20. In the first place, that the Council of the European Union adopted Directive 2000/78 on the basis of Article 13 EC, and the Court has held that that directive does not itself lay down the principle of equal treatment in the field of employment and occupation, which derives from various international instruments and from the constitutional traditions common to the Member States, but has the sole purpose of laying down, in that field, a general framework for combating discrimination on various grounds including age (see Mangold, paragraph 74).
21. In that context, the Court has acknowledged the existence of a principle of non-discrimination on grounds of age which must be regarded as a general principle of European Union law (see, to that effect, Mangold, paragraph 75). Directive 2000/78 gives specific expression to that principle (see, by analogy, Case 43/75 Defrenne [1976] ECR 455, paragraph 54).
22. It should also be noted that Article 6(1) TEU provides that the Charter of Fundamental Rights of the European Union is to have the same legal value as the Treaties.

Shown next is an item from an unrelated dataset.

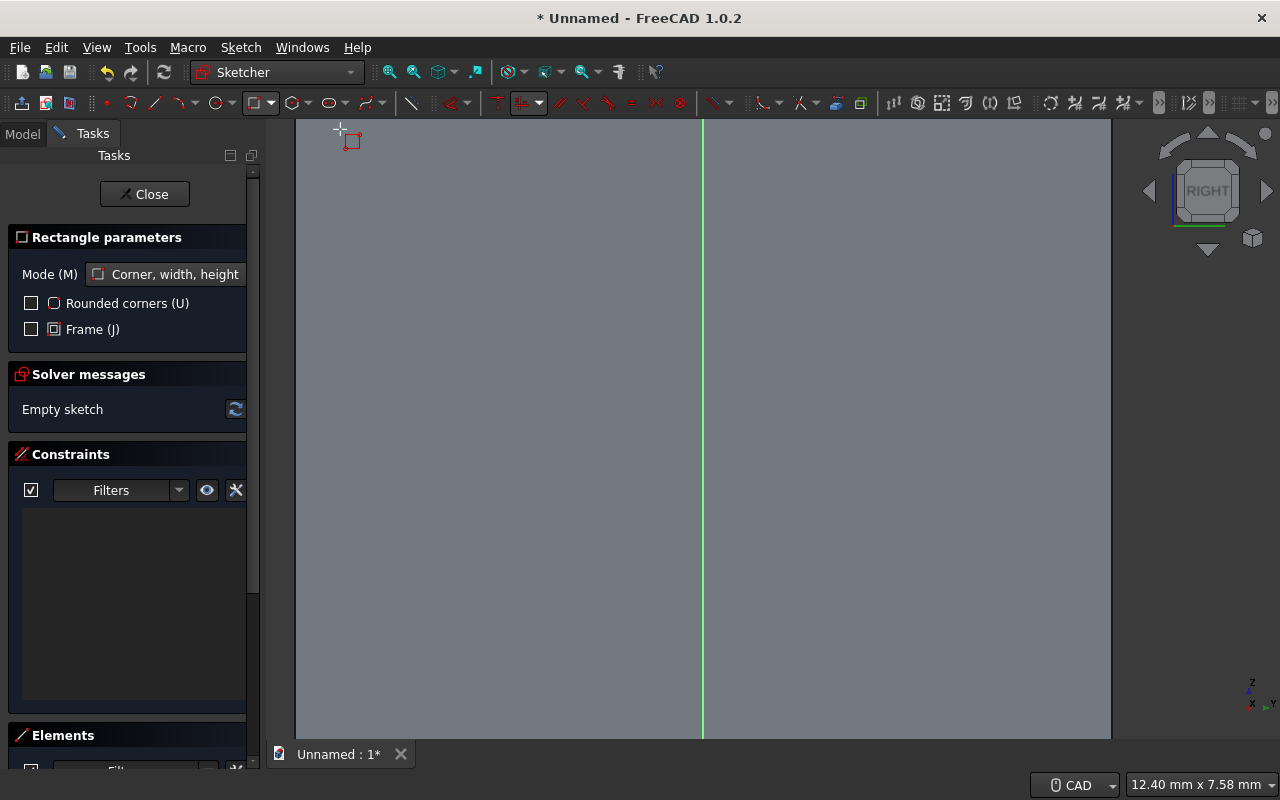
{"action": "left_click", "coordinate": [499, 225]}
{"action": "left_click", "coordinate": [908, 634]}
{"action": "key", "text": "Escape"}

Under Article 21(1) of the charter, ‘[a]ny discrimination based on … age … shall be prohibited’.
23. For the principle of non-discrimination on grounds of age to apply in a case such as that at issue in the main proceedings, that case must fall within the scope of European Union law.
24. In contrast to the situation concerned in Case C‑427/06 Bartsch [2008] ECR I‑7245, the allegedly discriminatory conduct adopted in the present case on the basis of the national legislation at issue occurred after the expiry of the period prescribed for the Member State concerned for the transposition of Directive 2000/78, which, for the Federal Republic of Germany, ended on 2 December 2006.
25. On that date, that directive had the effect of bringing within the scope of European Union law the national legislation at issue in the main proceedings, which concerns a matter governed by that directive, in this case the conditions of dismissal.'
[...]
35 The referring court states that the second sentence of Paragraph 622(2) of the BGB reflects the legislature’s assessment that young workers generally react more easily and more rapidly to the loss of their jobs and greater flexibility can be demanded of them. A shorter notice period for younger workers also facilitates their recruitment by increasing the flexibility of personnel management.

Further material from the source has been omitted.